#### Data for analysis

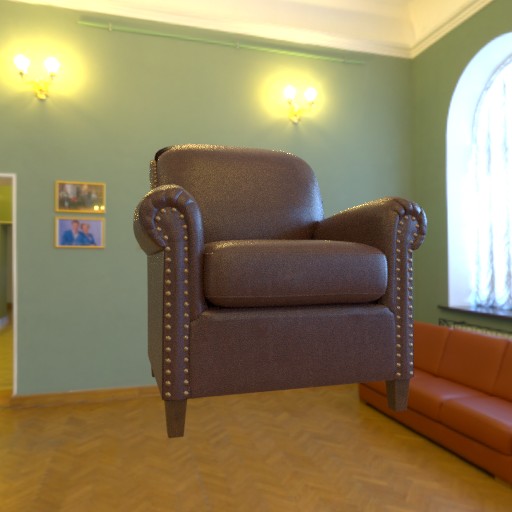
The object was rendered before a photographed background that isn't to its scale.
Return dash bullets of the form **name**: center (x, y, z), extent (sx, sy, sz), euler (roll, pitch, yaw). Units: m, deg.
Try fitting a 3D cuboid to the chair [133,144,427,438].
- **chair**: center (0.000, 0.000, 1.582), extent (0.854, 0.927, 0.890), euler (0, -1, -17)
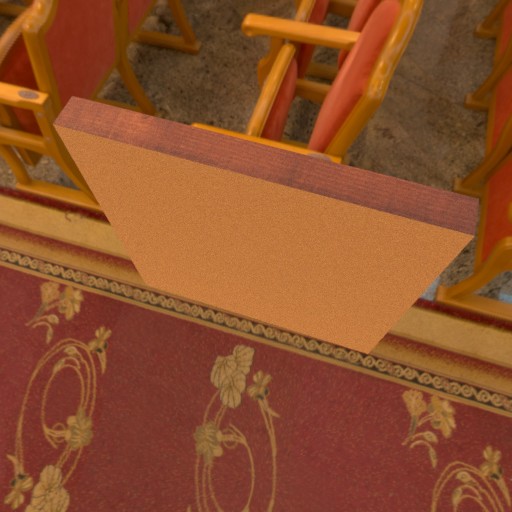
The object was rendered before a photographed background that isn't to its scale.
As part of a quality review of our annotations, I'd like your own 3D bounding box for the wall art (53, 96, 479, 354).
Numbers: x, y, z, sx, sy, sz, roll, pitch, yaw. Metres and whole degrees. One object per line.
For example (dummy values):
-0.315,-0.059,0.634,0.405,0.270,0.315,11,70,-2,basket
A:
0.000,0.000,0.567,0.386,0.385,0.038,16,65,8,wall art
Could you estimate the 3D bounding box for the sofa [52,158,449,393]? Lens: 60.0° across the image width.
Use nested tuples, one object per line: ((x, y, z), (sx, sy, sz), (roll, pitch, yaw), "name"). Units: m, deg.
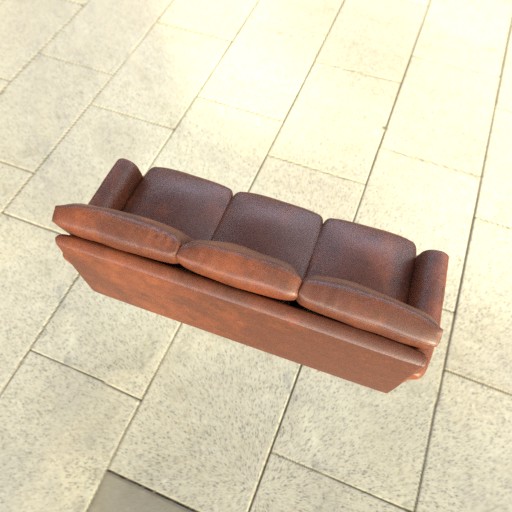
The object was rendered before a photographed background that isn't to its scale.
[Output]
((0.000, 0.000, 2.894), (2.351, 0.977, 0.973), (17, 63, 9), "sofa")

########
#### Data for analysis

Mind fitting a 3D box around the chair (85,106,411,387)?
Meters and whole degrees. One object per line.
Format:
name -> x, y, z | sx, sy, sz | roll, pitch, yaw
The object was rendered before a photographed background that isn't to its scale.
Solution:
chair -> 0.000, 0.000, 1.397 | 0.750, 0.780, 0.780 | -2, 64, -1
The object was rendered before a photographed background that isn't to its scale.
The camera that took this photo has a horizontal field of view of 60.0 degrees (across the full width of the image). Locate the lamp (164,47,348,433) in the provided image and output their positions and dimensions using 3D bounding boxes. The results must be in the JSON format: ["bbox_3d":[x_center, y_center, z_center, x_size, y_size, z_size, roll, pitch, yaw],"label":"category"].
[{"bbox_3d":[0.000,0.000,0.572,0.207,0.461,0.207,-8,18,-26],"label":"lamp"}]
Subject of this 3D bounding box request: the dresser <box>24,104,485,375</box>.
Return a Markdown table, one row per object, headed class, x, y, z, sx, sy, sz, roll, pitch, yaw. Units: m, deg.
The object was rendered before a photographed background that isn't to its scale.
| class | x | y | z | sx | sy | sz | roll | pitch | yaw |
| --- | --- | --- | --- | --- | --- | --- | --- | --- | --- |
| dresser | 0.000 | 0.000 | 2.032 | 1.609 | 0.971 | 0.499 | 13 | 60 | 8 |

########
#### Data for analysis

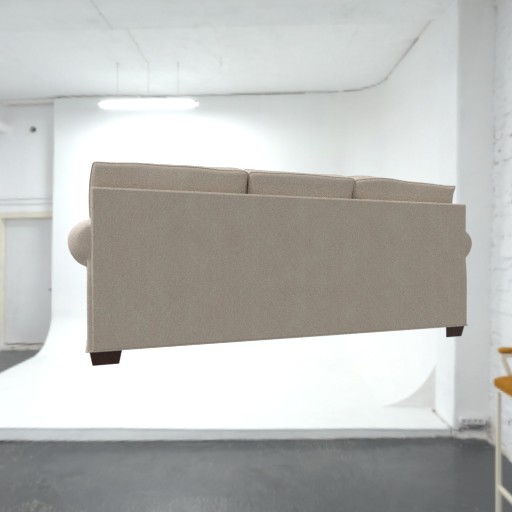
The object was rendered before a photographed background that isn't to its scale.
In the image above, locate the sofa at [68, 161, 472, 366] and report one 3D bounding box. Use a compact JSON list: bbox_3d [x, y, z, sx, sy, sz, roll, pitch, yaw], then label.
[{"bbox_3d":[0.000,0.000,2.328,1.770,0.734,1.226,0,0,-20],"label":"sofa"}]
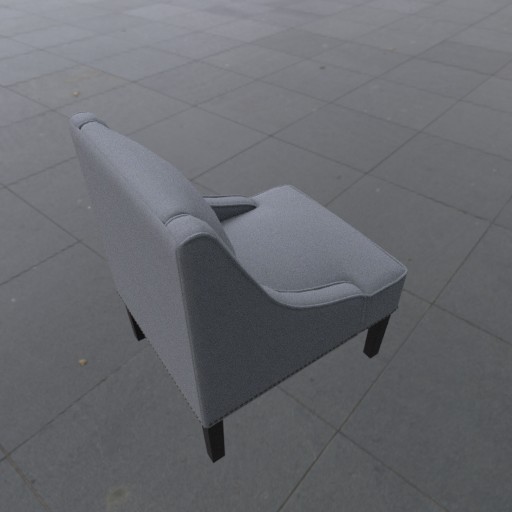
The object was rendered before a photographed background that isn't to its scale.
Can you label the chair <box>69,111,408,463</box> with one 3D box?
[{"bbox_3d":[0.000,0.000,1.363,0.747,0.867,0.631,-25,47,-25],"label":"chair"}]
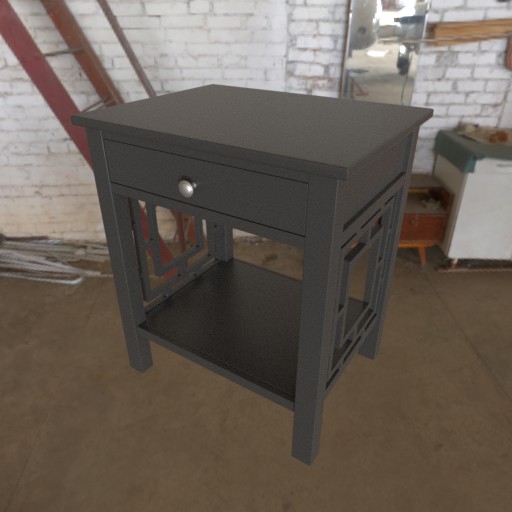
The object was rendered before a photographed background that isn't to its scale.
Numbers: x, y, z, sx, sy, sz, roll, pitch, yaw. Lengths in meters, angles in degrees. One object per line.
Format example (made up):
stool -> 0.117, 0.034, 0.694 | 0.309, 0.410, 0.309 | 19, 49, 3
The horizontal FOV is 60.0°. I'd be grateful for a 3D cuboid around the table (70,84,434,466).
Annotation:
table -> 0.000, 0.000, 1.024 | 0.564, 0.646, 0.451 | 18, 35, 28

########

_Task requirements_
Lines above that have "name": copy each of them.

_Result of the exercise_
Return dash bullets of the form **name**: center (x, y, z), extent (sx, sy, sz), euler (roll, pitch, yaw). Units: m, deg.
Use nested tuples, one object per line: ((x, y, z), (sx, sy, sz), (roll, pitch, yaw), "name"). Units: m, deg.
name -> x, y, z | sx, sy, sz | roll, pitch, yaw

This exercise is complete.